In front of me a range of tabs are open on my browser. Clothes to buy for my honeymoon, decorations and bits and pieces for the wedding. And yet I feel I cannot act on them.

How can I act on this, when I fear that my wedding may be unable to go ahead.

May. That's when they said that the virus will hit its peak in the UK. End of May specifically. And that's exactly when my wedding is. They've just strongly advised against travelling to my honeymoon destination. They are stopping mass gatherings, vulnerable people are having to go into lock down, and I am having to sit by and wait and see, no idea how this will all end. Will our grandparents live to get to see us get married? If they do, will they even be allowed to come? Can we even celebrate our marriage with anyone?

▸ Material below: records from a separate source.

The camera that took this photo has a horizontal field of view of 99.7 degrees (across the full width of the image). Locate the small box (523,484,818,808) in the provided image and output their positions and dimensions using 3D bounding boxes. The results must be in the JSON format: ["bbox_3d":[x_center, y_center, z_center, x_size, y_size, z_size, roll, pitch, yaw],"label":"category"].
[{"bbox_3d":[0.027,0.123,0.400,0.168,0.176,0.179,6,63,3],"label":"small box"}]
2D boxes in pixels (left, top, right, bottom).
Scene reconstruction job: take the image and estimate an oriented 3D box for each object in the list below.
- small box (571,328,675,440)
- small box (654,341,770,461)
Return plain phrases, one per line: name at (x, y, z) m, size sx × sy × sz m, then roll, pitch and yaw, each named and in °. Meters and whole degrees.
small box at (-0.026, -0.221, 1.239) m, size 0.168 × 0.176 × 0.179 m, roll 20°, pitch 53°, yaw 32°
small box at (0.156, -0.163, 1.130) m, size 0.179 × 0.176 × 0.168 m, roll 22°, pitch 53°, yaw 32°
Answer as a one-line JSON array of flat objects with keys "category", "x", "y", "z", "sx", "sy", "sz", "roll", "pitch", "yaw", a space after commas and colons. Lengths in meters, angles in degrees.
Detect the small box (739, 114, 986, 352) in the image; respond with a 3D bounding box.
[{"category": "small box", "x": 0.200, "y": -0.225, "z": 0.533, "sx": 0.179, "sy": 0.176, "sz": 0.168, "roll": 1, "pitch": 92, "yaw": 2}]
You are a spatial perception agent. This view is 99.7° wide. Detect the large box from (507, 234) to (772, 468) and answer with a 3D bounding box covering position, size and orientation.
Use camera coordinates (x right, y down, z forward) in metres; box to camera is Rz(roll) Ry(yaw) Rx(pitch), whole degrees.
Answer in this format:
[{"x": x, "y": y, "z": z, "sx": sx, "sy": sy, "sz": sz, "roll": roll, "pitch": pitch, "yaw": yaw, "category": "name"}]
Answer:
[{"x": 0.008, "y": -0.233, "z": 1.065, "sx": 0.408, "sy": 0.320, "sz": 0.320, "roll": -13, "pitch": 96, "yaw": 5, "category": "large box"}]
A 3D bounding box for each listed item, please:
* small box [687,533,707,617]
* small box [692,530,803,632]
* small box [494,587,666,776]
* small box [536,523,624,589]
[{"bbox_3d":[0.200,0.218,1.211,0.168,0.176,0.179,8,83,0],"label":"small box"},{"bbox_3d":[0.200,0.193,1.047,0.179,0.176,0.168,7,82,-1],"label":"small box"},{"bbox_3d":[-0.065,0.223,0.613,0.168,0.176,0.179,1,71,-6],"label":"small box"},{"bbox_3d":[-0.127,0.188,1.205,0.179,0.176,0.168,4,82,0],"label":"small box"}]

I'm devastated at the concept that this may be taken from me. I am angry. I am heartbroken. I have been planning this for the last year and a half. Everything has been so orgnaised and well put together and right now I am so close, it is finally in reach and I can't even get excited about it. I'm just on edge about the whole thing.

It plagues my mind. I know it is such a first world problem, and I know I have so many other issues to be dealing with right now in terms of the impacts, and I know it is justa wedding but damn it. It was my wedding. I just... How can this be happening.

I just want to cry. Constantly. I am consistently on the brink of tears. Neither of us can really bear to talk about it. It's too hard and too painful to contemplate it. We know that we don't know what will happen. But right now, my optimisim has run out. I'm running on empty.

I'm so upset. I just can't put into words how hard this is hitting me.

It's not fair. That's all it is. Unfair.